В унисон этим строкам пришло радостное сообщение из Выборга: «Пишу Вам первой, хотя у меня куча неотвеченных писем от родных и друзей. Похоже, Ваши труды не пропали даром и Вас можно по праву с этим поздравить. Прочь уныние! Ради счастливых мгновений бытия и стоит жить. Вы не одни. Есть много людей хороших и добрых, кажется, обойденных простым земным счастьем. Но это внешнее впечатление. Счастье уже в том, что мы живем на Земле. Думаю, что и Вам самой это известно».
Вот мы и добрались до ключевого слова в судьбе Татьяны Тезиковой. Это слово - счастье. Было ли оно? Или была только бесконечная работа, из-за нескончаемой необходимости которой некогда было оглянуться на себя? Одержимость в работе у Татьяны Тезиковой наследственная. В её родословном древе причудливо сплелись весьма далекие друг от дружки ветви. Бабушкой её была немецкая баронесса Софья-Амалия Александровна-Карловна фон Фохт, а дедом - «турецко-подданный» с фамилией, которая в подписи едва умещалась на трех страницах.
Дед, будучи представленным царю, лишился по его повелению всевозможных заковыристых восточных составляющих в своей фамилии - «Тезик-оглы Голло Абдурахман ибн Хаттаб Бендер-бей Задунайский» и стал просто Тезиковым, каковую фамилию и унаследовала Татьяна Владимировна по стечению обстоятельств, сохранив её за собой как девичью и до сих пор.
Гремучая смесь южных и северных кровей не давала ей покоя с отроческих времен, когда Таня Тезикова бегала по буеракам в Рождественский техникум, чтобы постичь там азы самой земной из человеческих профессий - агронома, а потом в сельхозинститут, чтобы грызть там гранит наук в стремлении стать биологом.
Поэтессой она становилась попутно.
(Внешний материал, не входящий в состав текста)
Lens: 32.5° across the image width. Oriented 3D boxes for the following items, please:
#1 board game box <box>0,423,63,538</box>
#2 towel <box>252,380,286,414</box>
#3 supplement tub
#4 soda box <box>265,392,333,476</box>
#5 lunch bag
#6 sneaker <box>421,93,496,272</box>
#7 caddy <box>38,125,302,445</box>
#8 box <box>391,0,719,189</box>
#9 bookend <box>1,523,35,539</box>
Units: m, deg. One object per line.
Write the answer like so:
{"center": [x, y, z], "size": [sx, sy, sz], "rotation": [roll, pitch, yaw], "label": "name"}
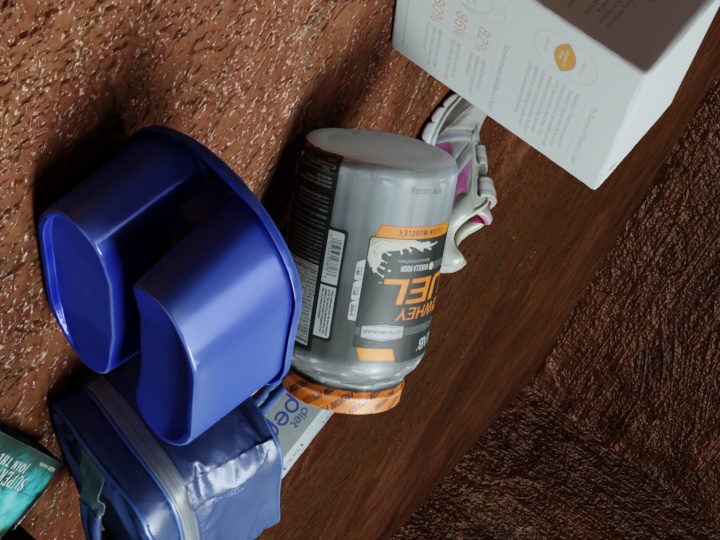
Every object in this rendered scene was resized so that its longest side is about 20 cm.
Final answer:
{"center": [-0.265, 0.151, 0.766], "size": [0.135, 0.028, 0.200], "rotation": [-51, 166, -11], "label": "board game box"}
{"center": [-0.029, 0.032, 1.110], "size": [0.200, 0.024, 0.147], "rotation": [-59, -176, -28], "label": "towel"}
{"center": [0.000, 0.000, 0.946], "size": [0.122, 0.122, 0.201], "rotation": [-26, 129, -61], "label": "supplement tub"}
{"center": [-0.117, 0.200, 1.274], "size": [0.200, 0.068, 0.063], "rotation": [-51, 167, -5], "label": "soda box"}
{"center": [-0.147, 0.150, 0.908], "size": [0.132, 0.136, 0.200], "rotation": [-31, 153, -23], "label": "lunch bag"}
{"center": [0.094, -0.083, 1.191], "size": [0.081, 0.088, 0.200], "rotation": [32, 79, -76], "label": "sneaker"}
{"center": [-0.103, 0.007, 0.715], "size": [0.105, 0.141, 0.200], "rotation": [-39, 161, -28], "label": "caddy"}
{"center": [0.135, -0.183, 0.889], "size": [0.106, 0.200, 0.152], "rotation": [-47, 166, -22], "label": "box"}
{"center": [-0.306, 0.325, 0.922], "size": [0.200, 0.092, 0.199], "rotation": [-39, 161, -41], "label": "bookend"}

Для себя. Душа требовала «эстетики». Юному возрасту свойственна тяга к стихотворчеству. Но привычка напоминала о себе в минуты сильных волнений и переживаний, которые сыпались на голову Тезиковой, как из рога изобилия. Выпадали и позитивные. Но чаще приходилось в ответ на подбадривающие письма признавать, что всё идет не так, как хотелось бы.
Интрига вокруг Самарской Луки раскручивалась где-то там, в высоких кабинетах. Как в детективных фильмах, где герои, оценивая критические ситуации, произносят: «Обстановка продолжает оставаться напряженной». Но положение дел не позволяло расслабляться даже и в периоды недуга. Татьяна Владимировна старалась информировать союзников о своих делах и планах. Вот сохранившийся в её архиве черновик одного из таких писем:
«Очень благодарно Вам за письмо и заботу о Жигулях. К сожалению, я около месяца была больна и не могла сразу ответить на Ваше послание, которое мне передали на днях. Дело обстоит так: все материалы, в том числе письма ученых, специалистов, краеведов, отдельных организаций, протоколы решений обществ, компаний, коллективные письма и прочее вместе с проектом решения облисполкома о введении в горной части Жигулей (два лесных квартала вглубь от берега Волги) заповедного режима (пока без заповедника) находятся в облисполкоме уже целый год.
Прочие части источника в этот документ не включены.